Ein ganzer Apfel 3 Minuten - der verändert sich bestimmt nicht,, der ist auch in so kurzer Zeit nicht durchgekocht - ein Bratapfel braucht ca 45 Minuten im Backofen, bis er fertig ist. Ansonsten, es kommt auf die Sorte an. Wenn Du einen Boskop nimmst, der bleibt recht lange fest, selbst wenn Du ihn in kleine Stücke schneidest. Ist eben von Sorte zu Sorte unterschiedlich. Übrigens, Apfelmus schmeckt prima, auch ohne zusätzlichen Zucker, dafür Zimt oder echte Vanille. Und wenns nur um gekochtes Obst geht - Apfelkuchen sind lecker, Bratäpfel sind lecker, gebratene Apfelringe ...

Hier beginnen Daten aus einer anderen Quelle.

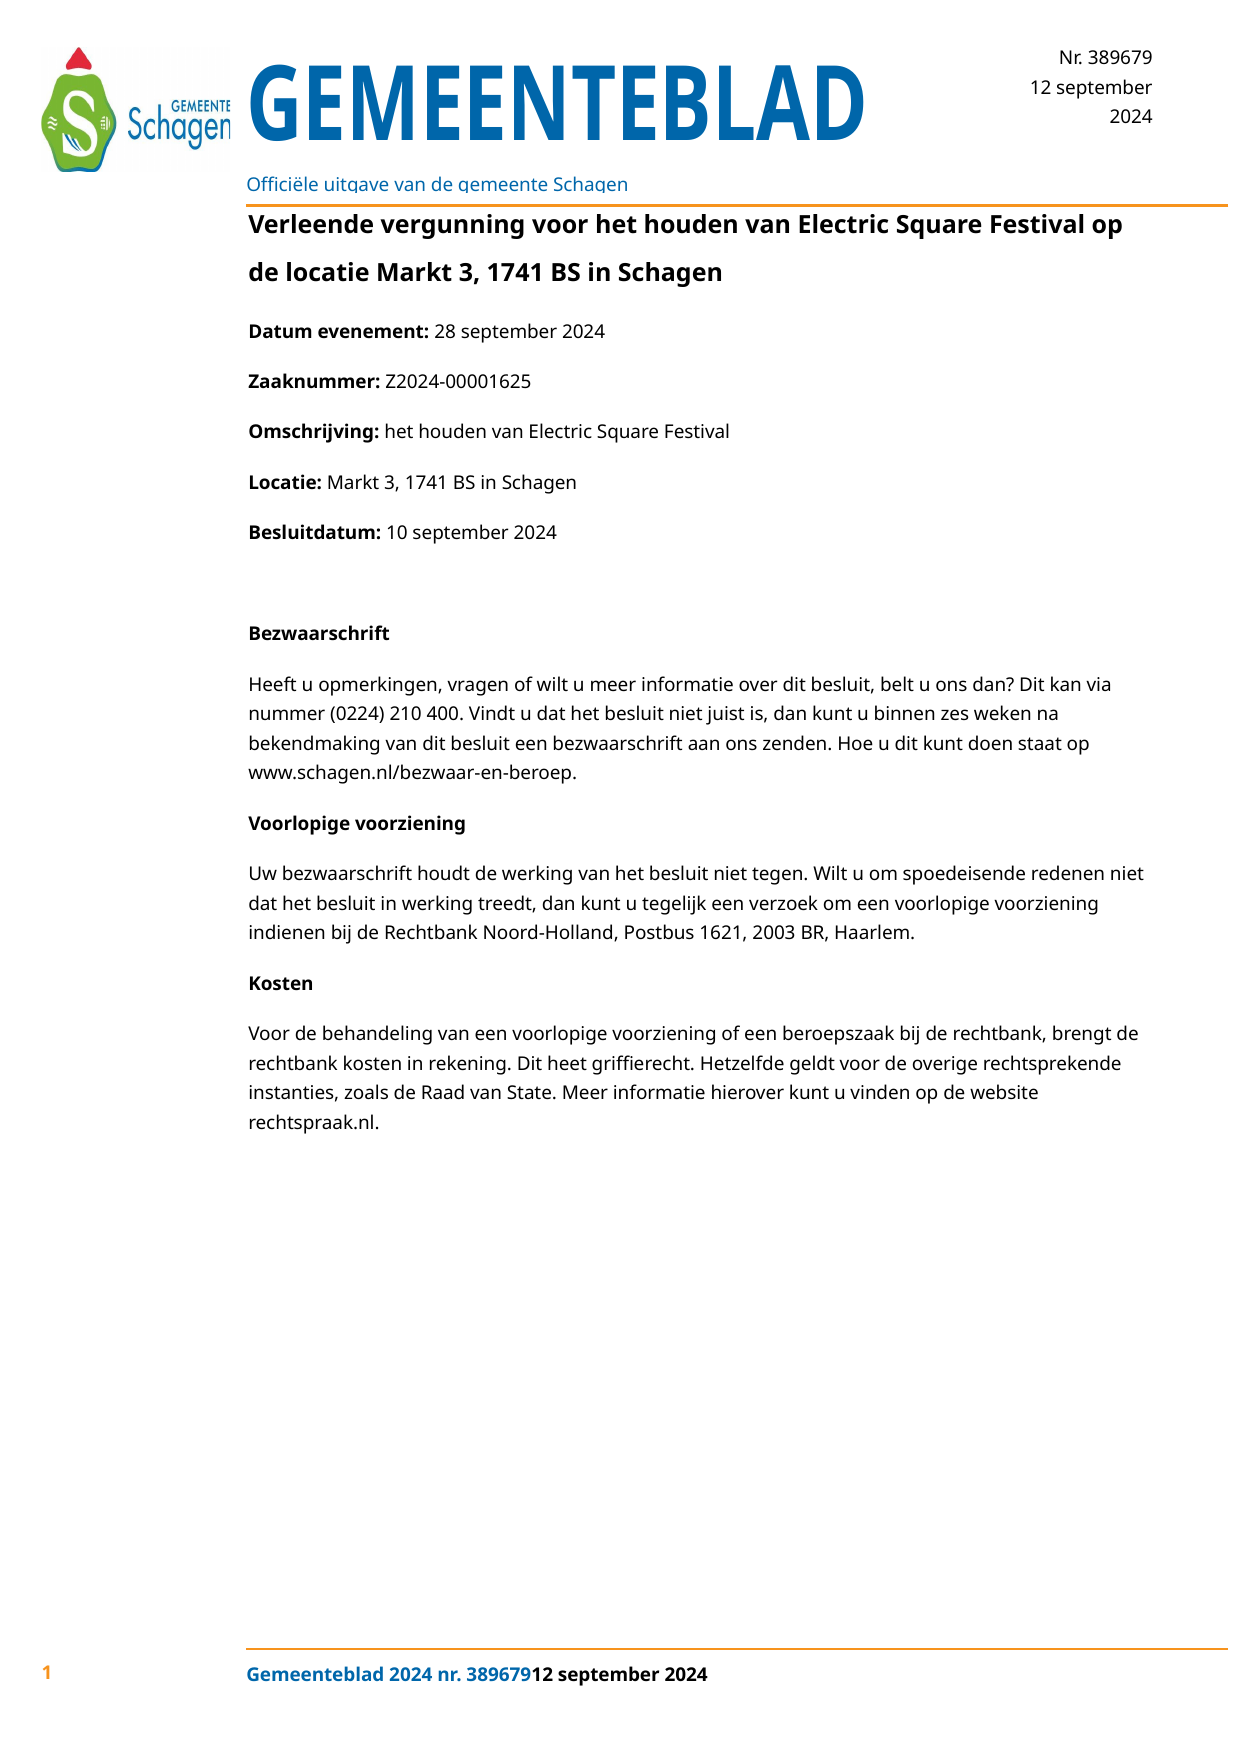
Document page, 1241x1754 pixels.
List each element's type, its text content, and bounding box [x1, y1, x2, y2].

Du kannst versuchen, den Apfel in der Mikrowelle zu garen. Je nach Größe sollte er in 2-3 Minuten durch sein. Er wird auf jeden Fall anders, als wenn du in konventionell kochst, weil die Hitze nur kurz einwirkt. Ausprobieren! Am besten legst du den Apfel dazu in ein Twist-Off Glas mit eine wenig Wasser. Du kannst es ruhig gut zuschrauben. Der (durch Lack isolierte) Deckel schlägt garantiert keine Funken. Ich koche so immer Obst ein, und es wird lange nicht so matschig wie mit der konventionellen Methode.

Ja, das kann ich schon verstehen, dass es doof ist, einen Apfel nur verarbeitet essen zu können. Nach 3 Minuten ist nur die äußere Schicht des Apfels gar. Kann sein, dass das für dich dann schon eßbar ist, aber sicher wäre ich da nicht. Probiere es mit einem kleinen Stück.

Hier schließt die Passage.